# Flounder at night?



## GotchaMack

One of my buddies from NJ swears by flounder fishing at night with artificials. I don't hear a heck of a lot about people flounder fishing down here at night and I was wondering if any of you guys do and do you have any suggestions? thanks


----------



## dale3joe

*flounder*

I have caught quite a few at night in shallow water at chixs beach under the lights. You must have lights. I usually drag minnows next to the pilings on carolina rig,catch more than artificials. Give it a try,alot less people and boat traffic and a lot cooler. Hope this helps.


----------



## GotchaMack

See this is why I am confused, the consensus down here is flounder is a daytime fishing event with the off possibility at night under lights. The Jerseyites fish in total darkness with artificials at night and catch a lot of flounder, heck my buddy uses a curly tail grub without even tipping it with anything and swears by it. Are our flounder just lazy or are we just not fishing for them enough at night to be successful.


----------



## dale3joe

*flounder*

I never have tryed to fish for them at night without what i said before. I have done a lot of bottom fishing at night and never have caught one in the deeper water. Curly tail grubs are a good choice but minnows always out fish the artificials.


----------



## bbcroaker

Hey Gotcha try it and let us know!


----------



## dale3joe

*flounder*

I will bet my paycheck on it,if you do as i said you will catch them. YOu must drag the bait slowly. If you let it sit you will not catch any.


----------



## cchae

the biggest come from artificials at nite.....slow retrieve.... many locals do fish for flounder at night.....daytime- use live bait on carolina rig, night- jigs or artificials are the key


----------



## dale3joe

You may catch the biggest on artificials, but to catch numbers use bait. I normally catch my minnows during the day and freeze them and use them at night. Works as good as alive.


----------



## firefish

Only one way to find out for sure......  I will be going out monday night ( first night I can get out). I will have to try and see what happens. Since I grew up in Jersey (near Philly) I try the artificials first and get back with every one. the later in the week I'll try live at night.......


----------



## RedskinFan228

OK guys here is a secret technique I learned several years ago. Only problem is you need a boat so if you have one or go out on one try this.

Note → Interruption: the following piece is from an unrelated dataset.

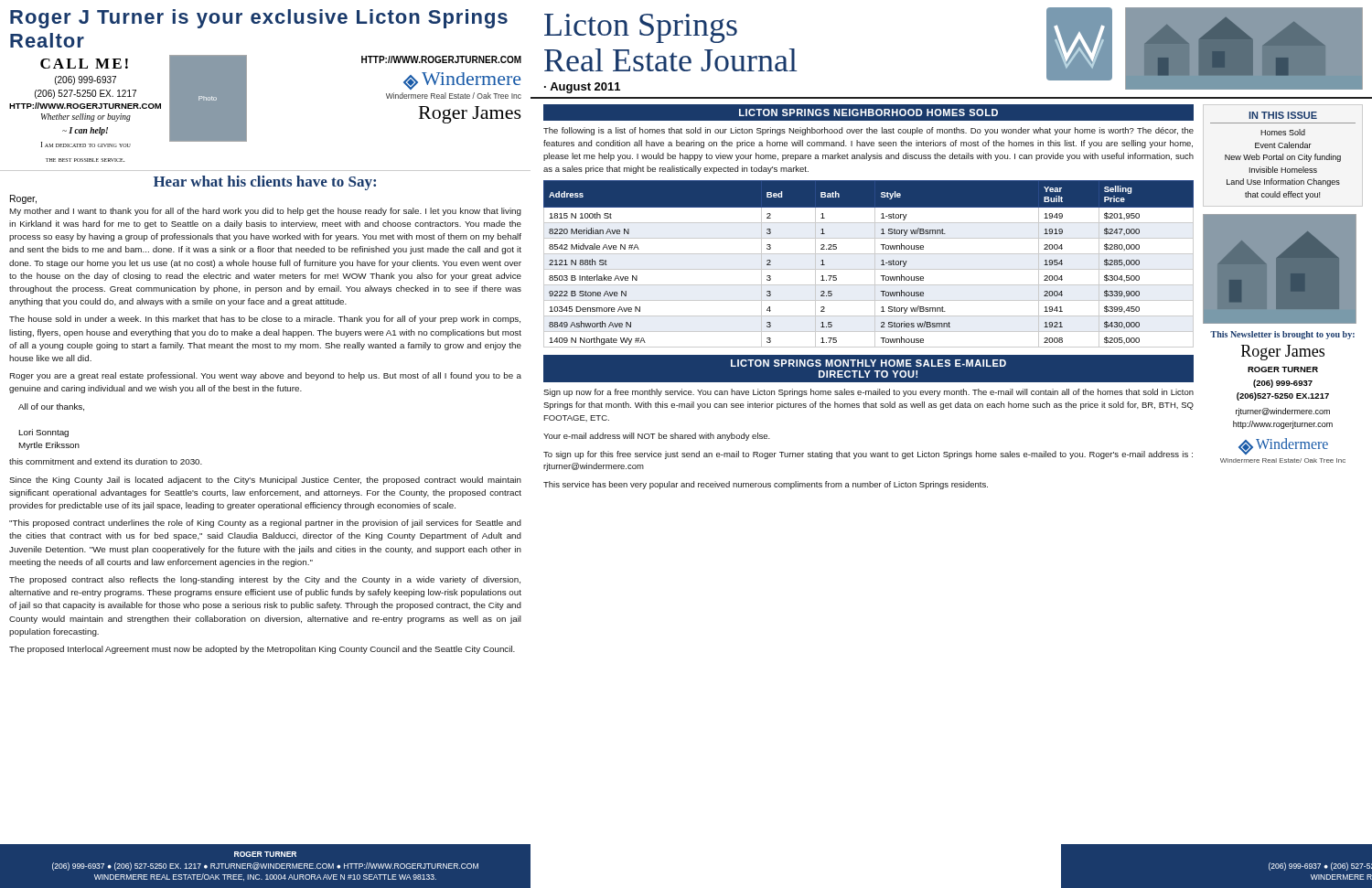1372x888 pixels.
Task: Point to the region starting "Roger J Turner is your exclusive Licton"
Action: pos(259,29)

anchor or drift (i liked to use a sea anchor to slow the drift) over the tubes. Tie a 1 pound round sinker on a three way swivel. Then tie a 15-20 foot leader on the other. Use a fluke type hook (you know the kind with some spinners on it) or large bucktail. Add a long strip of squid or cut bait (preferably the white belly of a blue or small shark) Then jig it up and down off the bottom I mean lift your pole so the sinker comes 4-5 feet off the bottom and hold on....I have caught many flounder over 7lbs and two that topped 10 lbs. Remember you will lose some sinkers this way but it is well worth it. I have a sinker mold and make my own. buddy owns a auto shop and he gives me all the old tire weights he gets so it dont hurt as much when i lose a half dozed or so......

Good luck
ken

as for fishing from the shore listen to those guys that have posted they know how to do it. I did catch a 7+ pounder this year with a gotcha at lynhaven inlet fishing for stripers.


----------



## rattler

if you fish flatties at night the bait must be moving...it does work...


----------



## can't fish today

RedskinFan228 said:


> buddy owns a auto shop and he gives me all the old tire weights


Man, I've passed a million of those while running the roads. It never occured to me to collect 'em for sinker material. Thanks for the tip.

CFT


----------



## Rockstar

it's just a matter of finding the fish... like rattler said, keep the bait moving. covering ground is key. flounder are curious and will hit pretty much anything that wiggles in there faces. i've noticed some are real stubborn to take a moving bait though. try putting a pause in your retrieve... wait ten seconds, if you don't feel a bump move about 5-10 cranks. i personally like to use bait when i'm flounder fishing, but i've caught my share of keepers at night using chart. jigs and 4" curly tails.


----------



## BigJeff823

*It happens very often;Flounder at Night*

At Cape Henlopen in DE;I've seen lots of Flounder caught at night.In fact I caught a 4lber at night there.The lights do attract them.


----------



## gordy

I catch a lot of flounder at night..use swim baits near the lights. Tagged and released 5 last night caught on 4" Storm Rippin Shad (White). Boat ramp side of Lesner.


----------